The exhibition Conditioning Demands by British artist Alice Morey at MEWO Kunsthalle in Memmingen begins with a human breath. Six mouth-blown, amorphous glass vessels, resembling oversized test tubes, hang from the ceiling at eye level on wire ropes. These glass containers mark the beginning of a transformation process that puts human’s superior role in planetary existence into question. All vessels are sealed with wax and equipped with a valve on the side. The bottom is covered with a milky, semi-liquid, almost powdery substance. Cylindrical shapes protrude from the shimmering substance, and its surface is covered with turquoise, yellow, pink and brown fungi, furries and spores. The moisture, spores, and faint smell of fermentation hover in and around the vessels. Like a sterile experimental setup, Morey has infused each tube with probiotics from yoghurt, skyr, and buttermilk; pigments from natural minerals, such as red ochre, malachite, and lapis lazuli; and rolled canvas.
In her first institutional solo exhibition, Morey focuses on the particles and processes that shape and transform life; the microscopic, the metabolic, the unseen and unnoticed: "I count in Spores". The glass vessels frame the fermentation process of bacteria, fungi and enzymes. Moisture settles on the glass, mould spreads on the canvas, spores float through the air, and the bacteria and enzymes silently and secretly exist. After the breath has given the impetus for these processes, Morey steps back, and shares authorship with these complex life forms in her created ecosystem, highlighting processes that are often misunderstood as decay instead of growth and recreation.

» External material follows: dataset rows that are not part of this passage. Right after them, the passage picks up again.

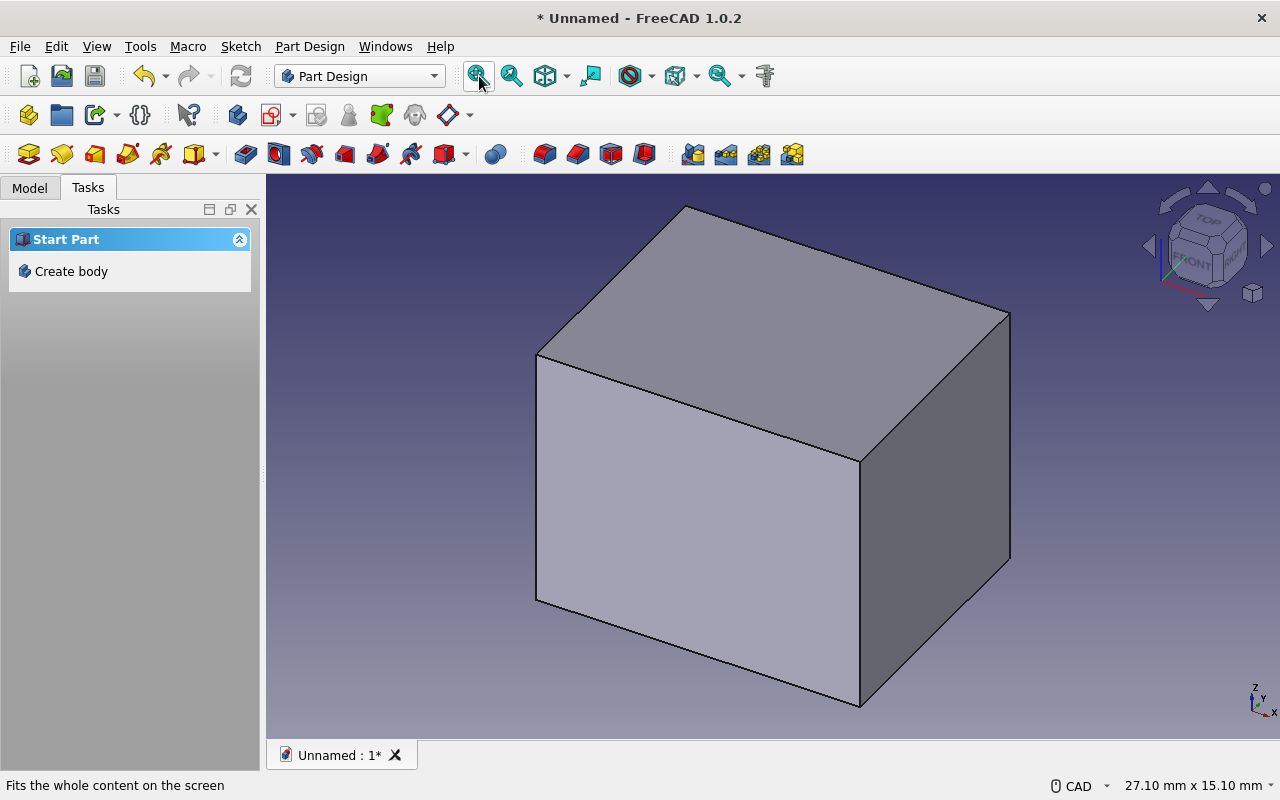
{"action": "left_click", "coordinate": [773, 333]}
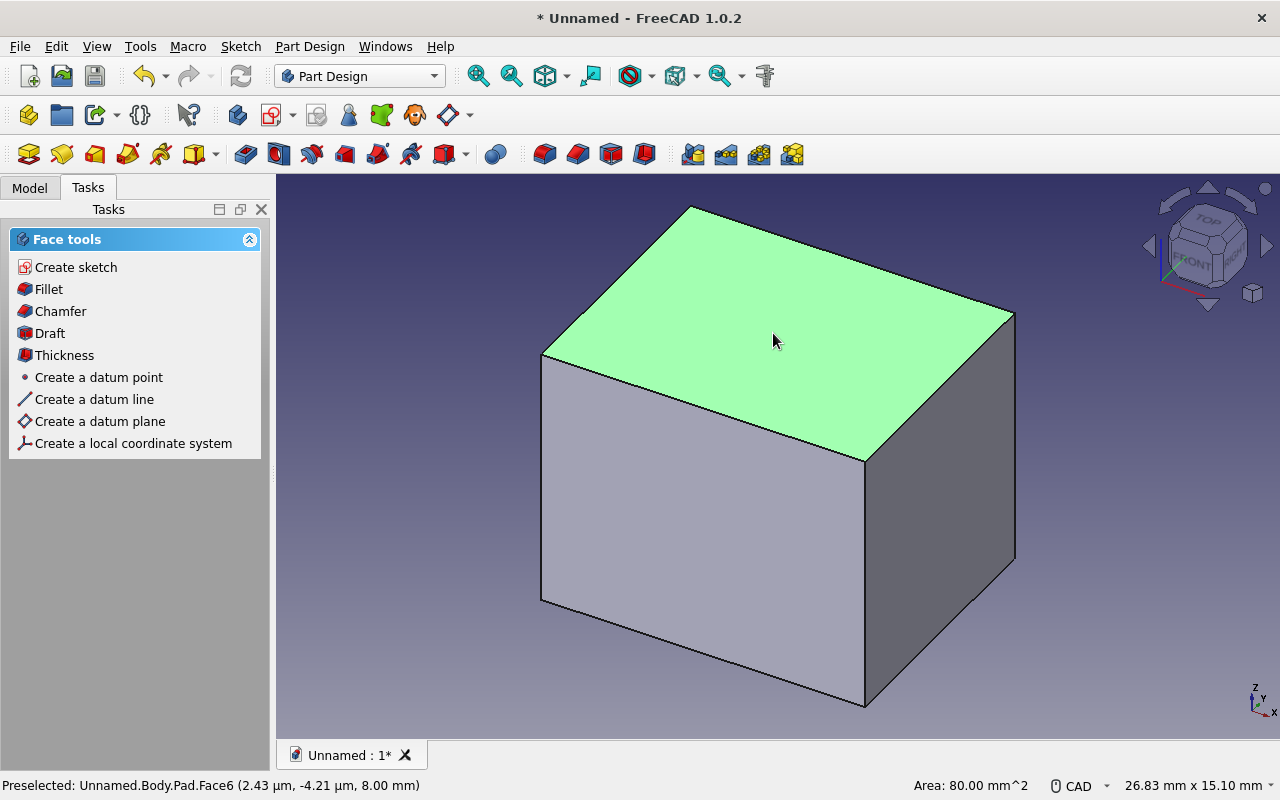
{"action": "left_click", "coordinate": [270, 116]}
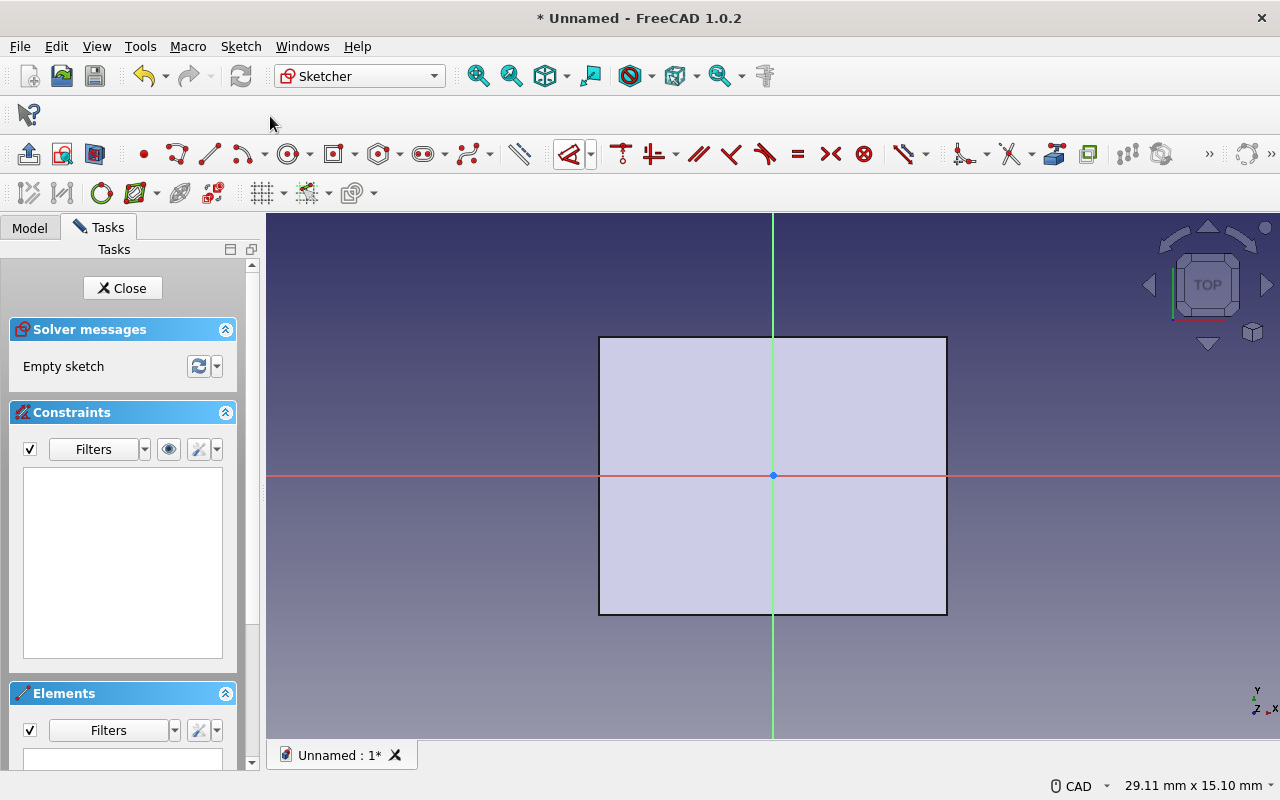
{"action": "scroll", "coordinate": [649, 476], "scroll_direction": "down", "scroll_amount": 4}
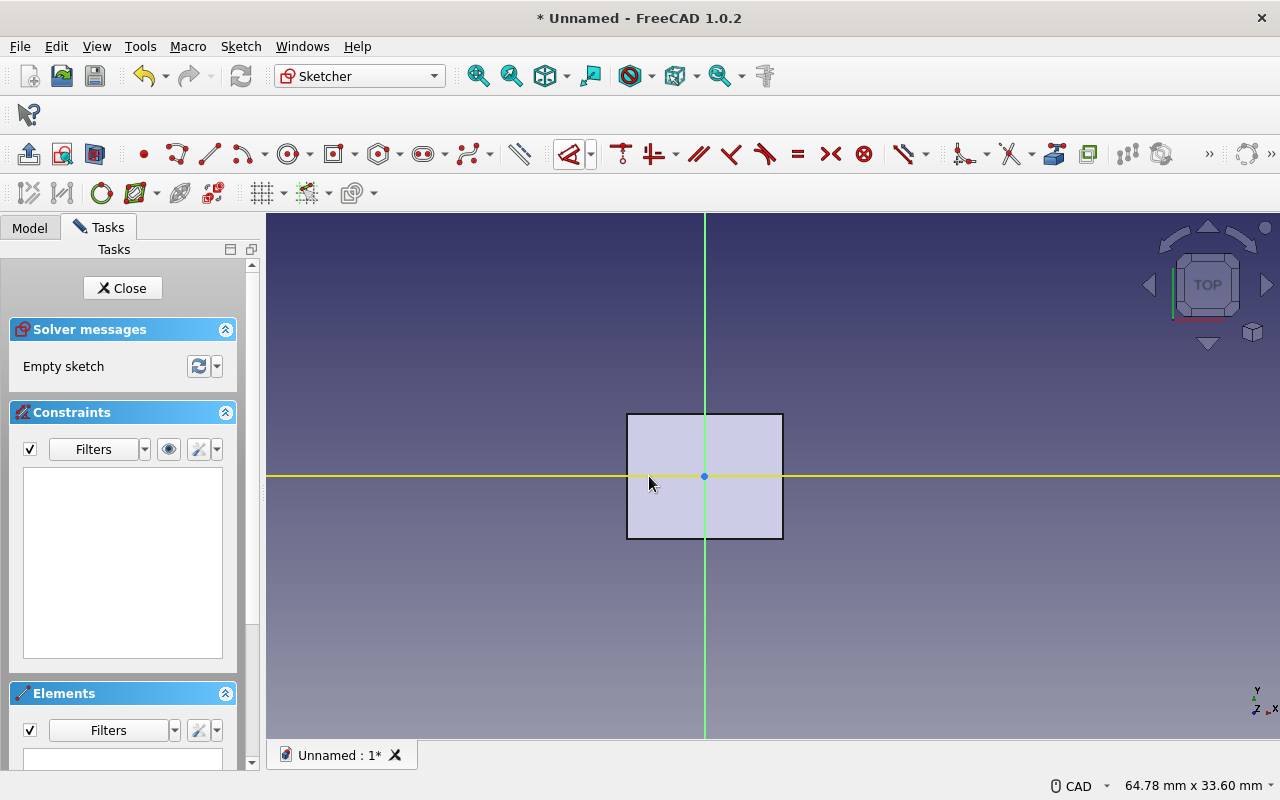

The human breath that gave the vessels their shapes continues to swirl through the exhibition, softly setting in motion the two hand-dyed silk curtains that flank the eponymous installation on either side of the vessels. Morey screen-printed these silk drapes with lyrical texts that read:
„I count in Spores.
Taste the sweet buds, that filter
through my fingertips & into glass.
How did you transform to this Earth?
How did you let time push you away?
Swept away in a moment, of
Complicated history.
I count in Spores.“
On both sides of the central installation, we see the results of Morey's collaborative painterly technique. Burnt out Blue (2022) and A Map of Tenderness (2022) are two large paintings created by the artist together with the bacteria and spores that colonize the canvas. "Burnt out Blue" is an abstract painting that alternates between earthy reds and turquoise to blue tones from left to right and is strongly reminiscent of Impression, soleil levant 1872) and other impressionist paintings by Claude Monet. With her technique, however, Morey has succeeded where the impressionists unavoidably failed –– in completely eliminating the brushstroke. A Map of Tenderness is also reminiscent of art historical models. Mark Rothko's meditative reflections from the 1950s or the landscapes, colours, and colour gradients of Georgia O'Keefe are called to mind here. The painting is structured by a horizon line that separates the surface into a brown foreground and a yellow, orange background. The background is further dotted with green and blue speckles. Black traces extend at mid-height across both grounds, their origins becoming indiscernible. It is intriguing to trace how the mixture of pigments, spores, and bacteria spread across the canvas and what traces these natural agents left behind. The painting Test One (Malachite) (2022) is presented in a case on the wall. As the name suggests, this is an initial attempt to transform the unprimed canvas through fermentation. The result is a three-dimensional sample that appears porous and crunchy. The work is predominantly green in colour with a mottled pattern of black dots, reminiscent of geological layers of earth or other patterns found in nature. Close by, we find another mouth-blown glass vessel titled Fallen (also 2022) - here presented on a pedestal floating slightly above the ground.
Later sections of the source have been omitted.